Breaking Bad recap: Rabid Dog
It had to happen. Among the 58 episodes of Breaking Bad that have aired so far, there had to be a clunker. Sure, there have been a few “filler” hours in the series’ run, but none that felt completely out of place like tonight’s “Rabid Dog.”
Beginning with Jesse’s ricin revelation last week, what follows in this episode seems to come straight out of long-running procedural that just needs the story to move along, disregarding any thought to careful plot lines.
The most exciting exposition comes at the end. Walt sits alone in his car and calls Todd to tell him he might have another job for Todd’s Uncle. We assume he means Jesse — who had just blown off an attempt at reconciliation, perhaps foolishly, with Mr. White, and basically declared war on Heisenberg. How Jesse came to this decision, though, was lazy and unfitting of an episode of Bad.

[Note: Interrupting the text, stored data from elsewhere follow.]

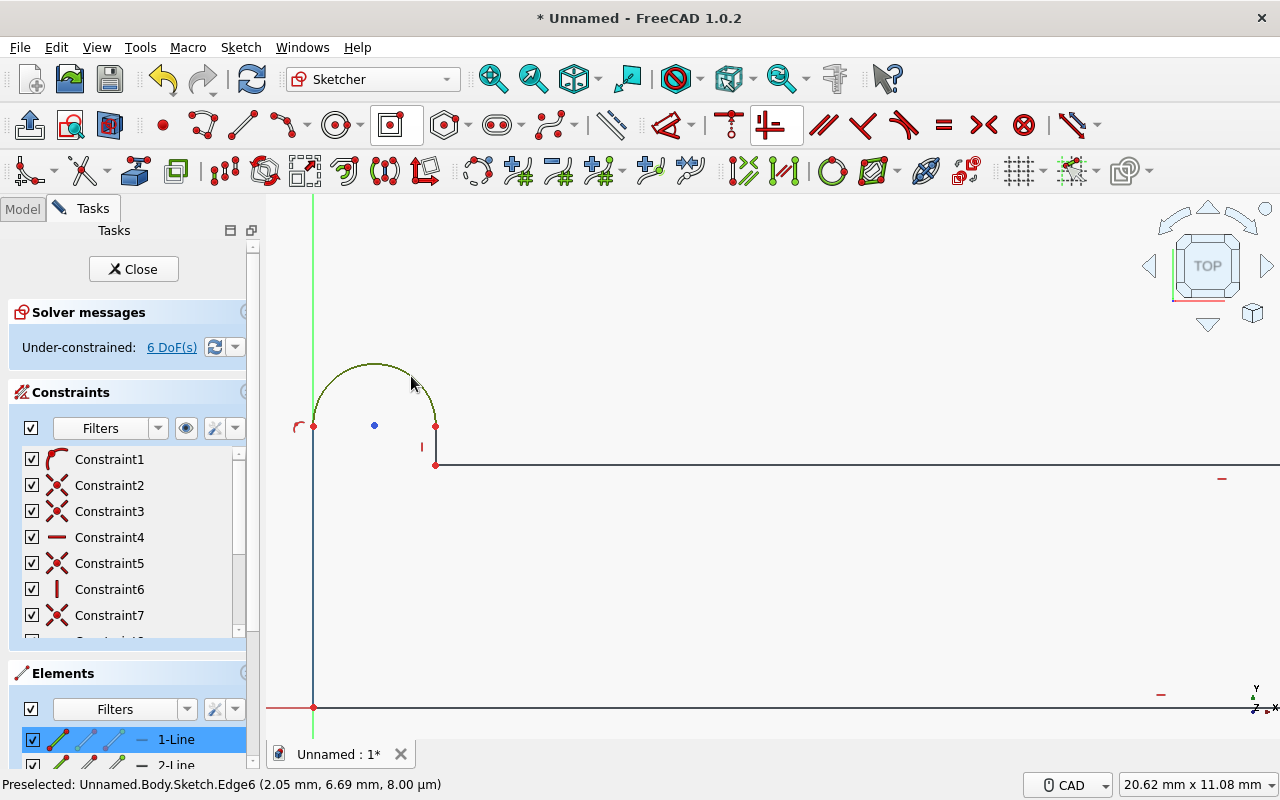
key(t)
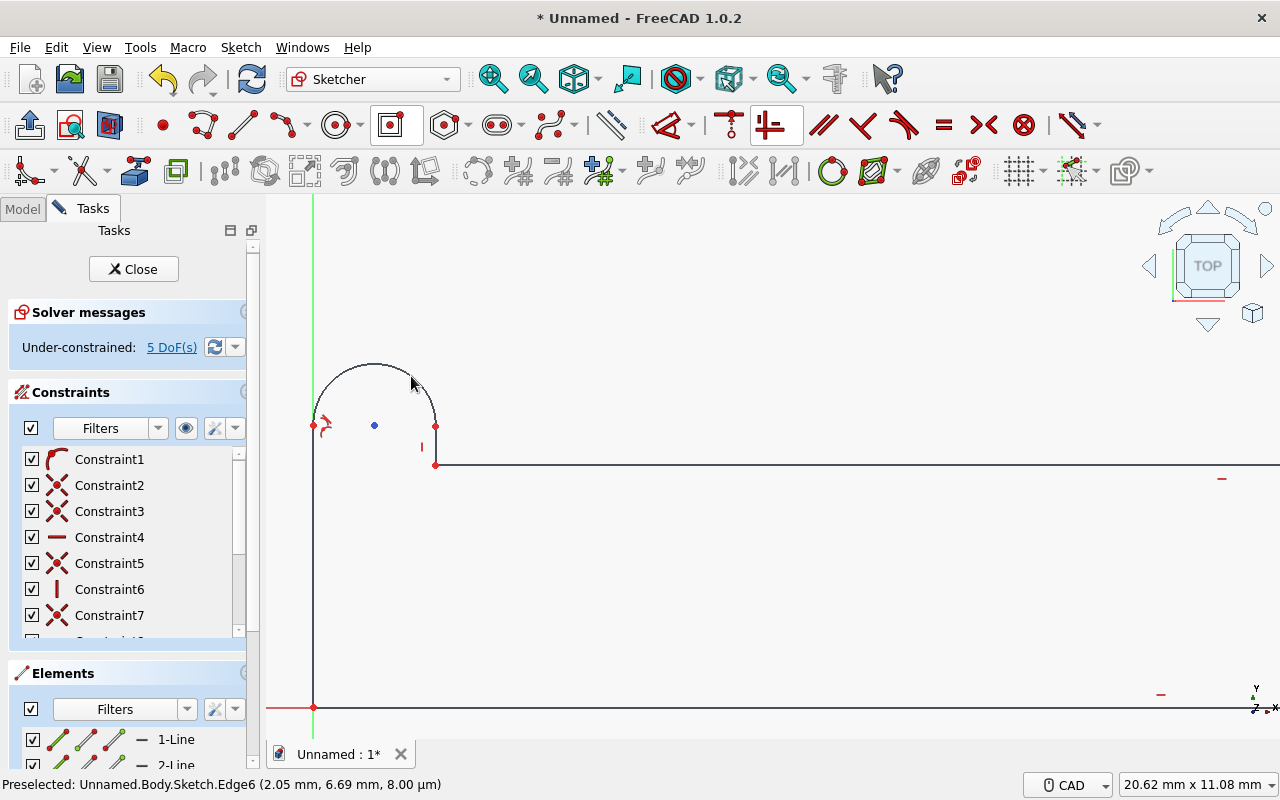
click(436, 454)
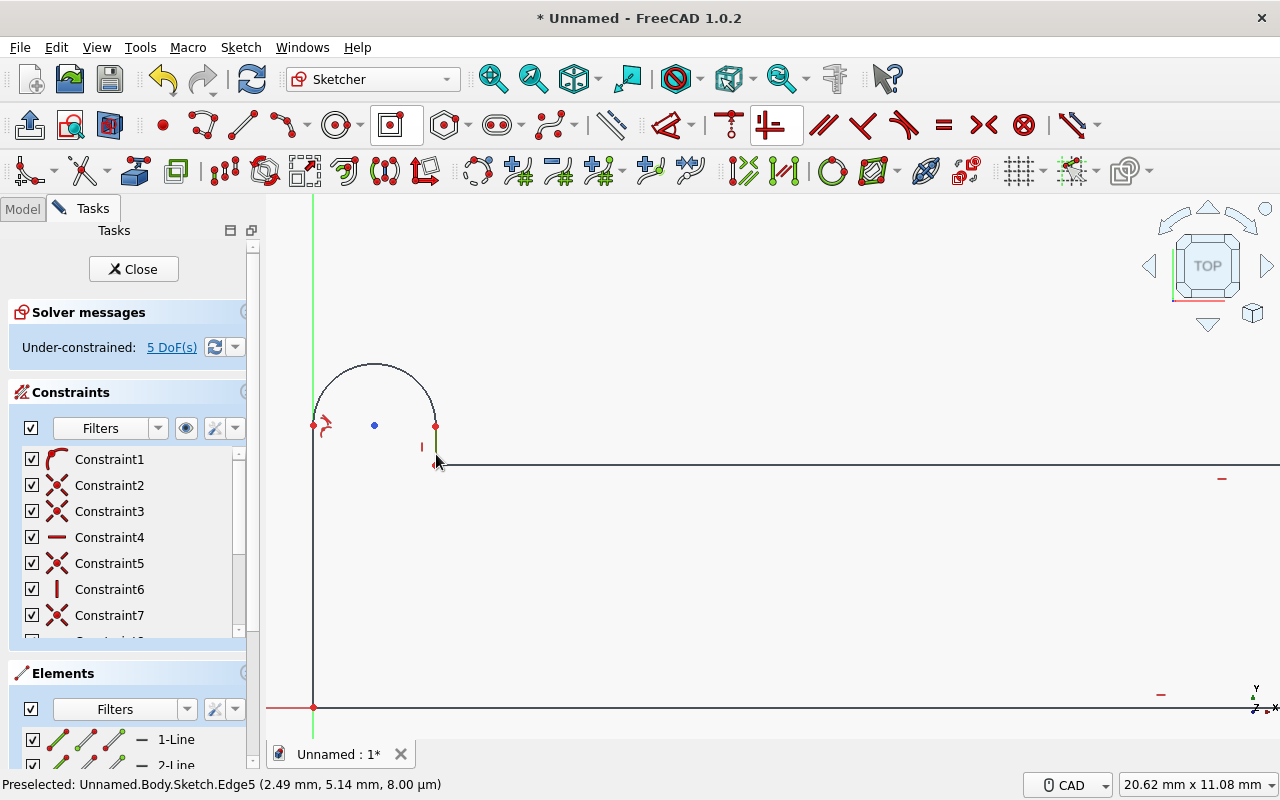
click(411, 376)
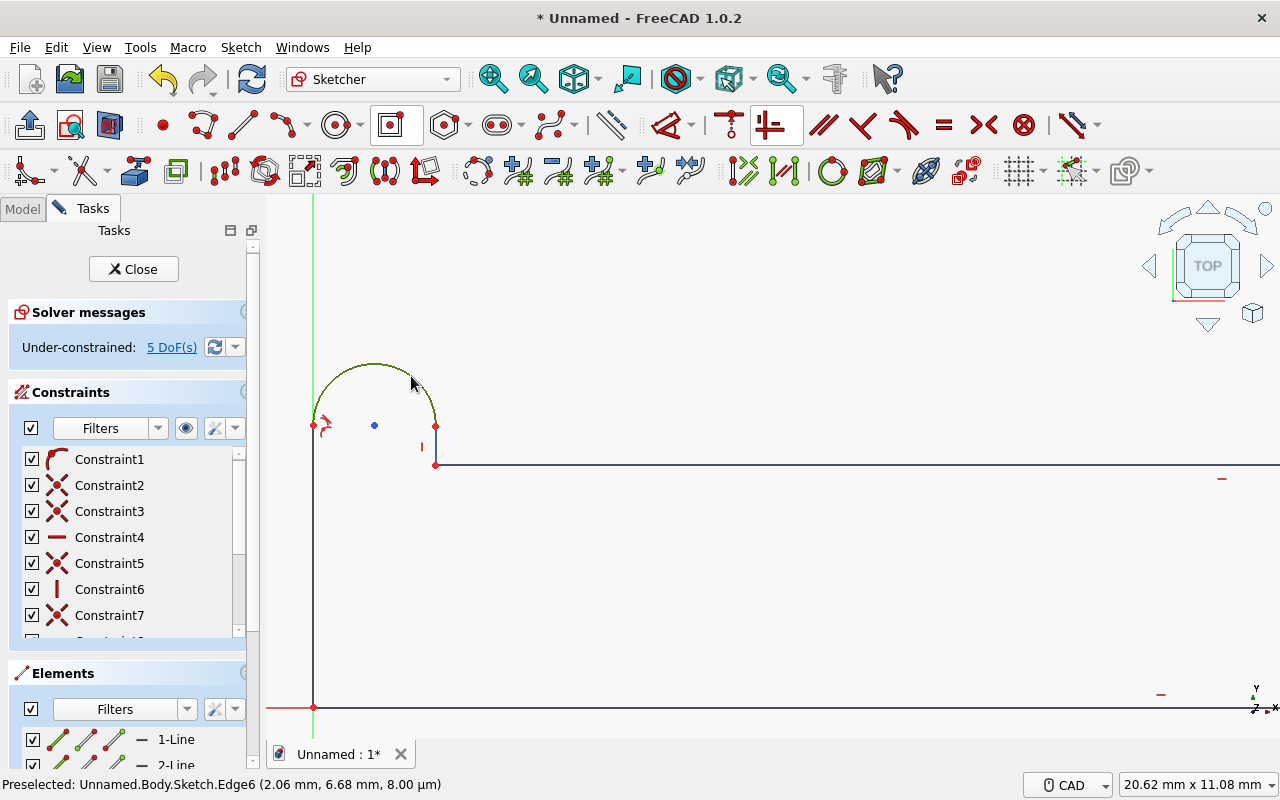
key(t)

Jesse, who was wearing a wire for Hank, went to meet Walt — at Walt’s request — in a very public square. On the way to the meeting, Jesse saw a big, bald, scary looking dude watching Mr. White. Believing the bald guy to be Walt’s assassin, Jesse walks away from the square to a public telephone, and dials Mrs. White. “Nice try, asshole,” Jesse says. “I’m not doing what you want anymore, okay, asshole? This is just a heads up to let you know I’m coming for you. See I decided that burning down your house was nothing, next time I’m going to get you where you really live.” Jesse gets back into Hank’s car, telling the very upset DEA agent that “I’m thinking there’s another way, to get him, there’s another way. A better way.”
Walt is confused, walks away and passes by the bald guy, who was just there waiting for his daughter. Yep. Jesse mistook a random guy there to pick up his kid for a henchman of Walt’s. Honestly, it would have been better if it had been left ambiguous. (However, at least we do know that Walt didn’t have any intention of killing his protege — despite Saul and Skyler’s instructions — until now.)

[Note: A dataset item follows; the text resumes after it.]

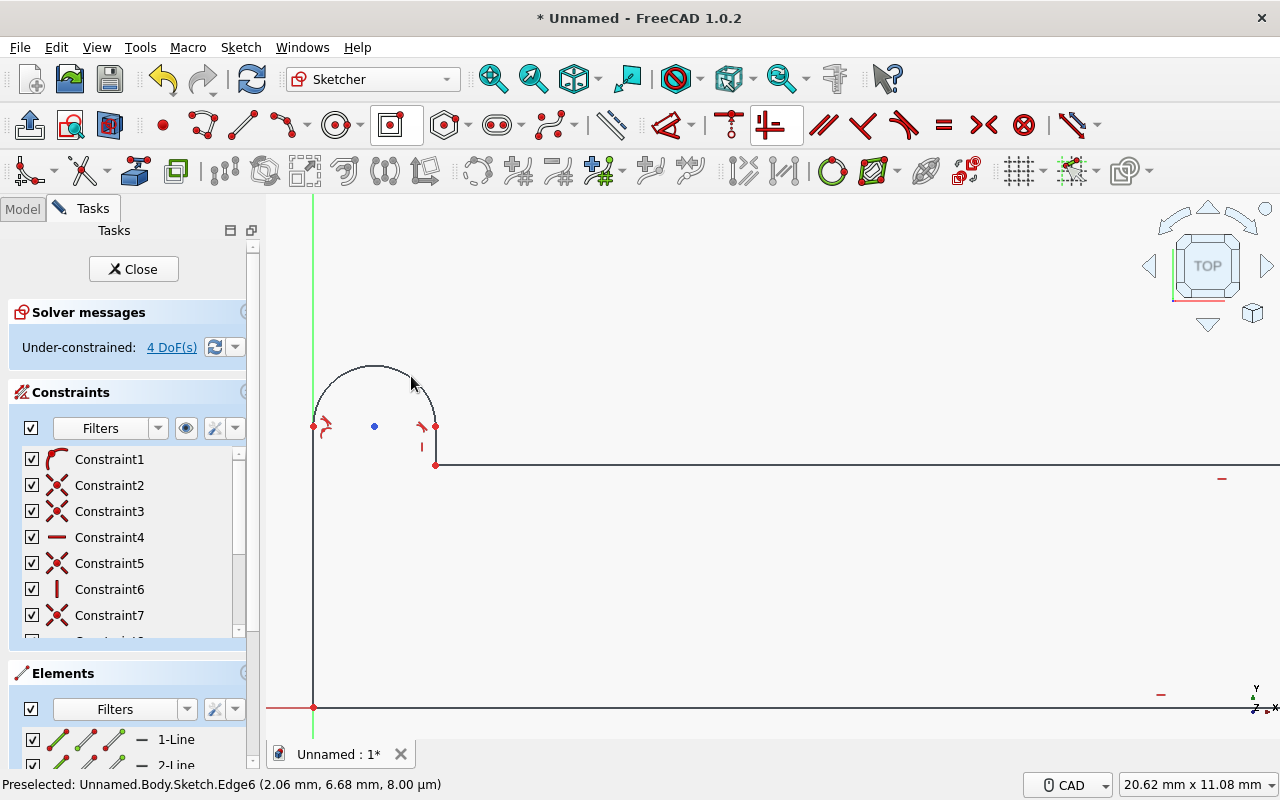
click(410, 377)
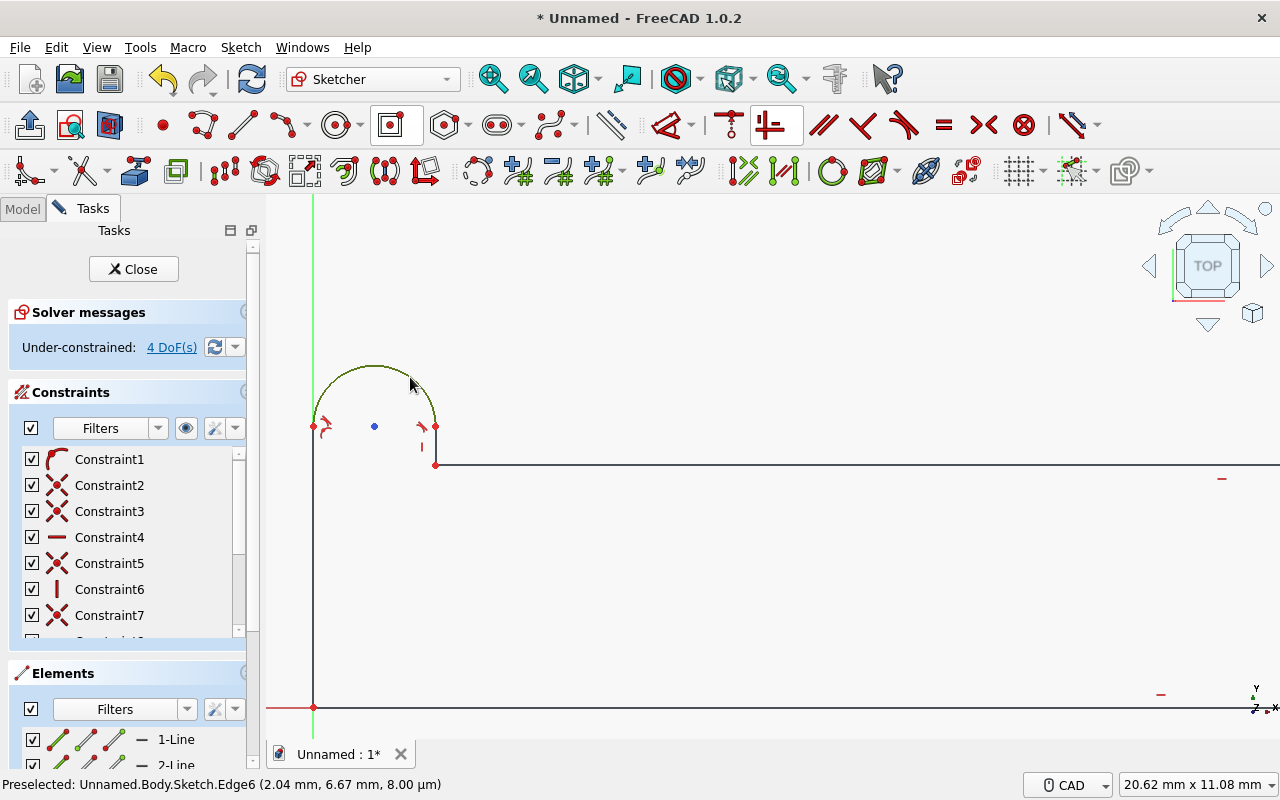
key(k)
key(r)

“Rabid Dog” started with a promising scene. Walt pulls up to his house, sees Saul’s car crash-parked on his lawn. He fumbles around with his gun, walking through his currently not-burned-down-but-soaked-in-gasoline house, nervously pointing his firearm ahead of him, like he’s play-acting a scene in a cop movie. He doesn’t find Jesse after sweeping through the rooms. He goes outside, with the sound of Saul’s car door ringing ominously like Hector Salamanca. Walt finds a CD on the dashboard, covered in a white substance that is probably not white chocolate. Has Jesse fallen off the wagon?
While Huell and Kuby look for Jesse and watch over the White family, Walt leaves a message for Jesse on his phone. He thanks him for changing his mind, and asks to talk. He ends his message with “Be safe.” He does still care about his former partner.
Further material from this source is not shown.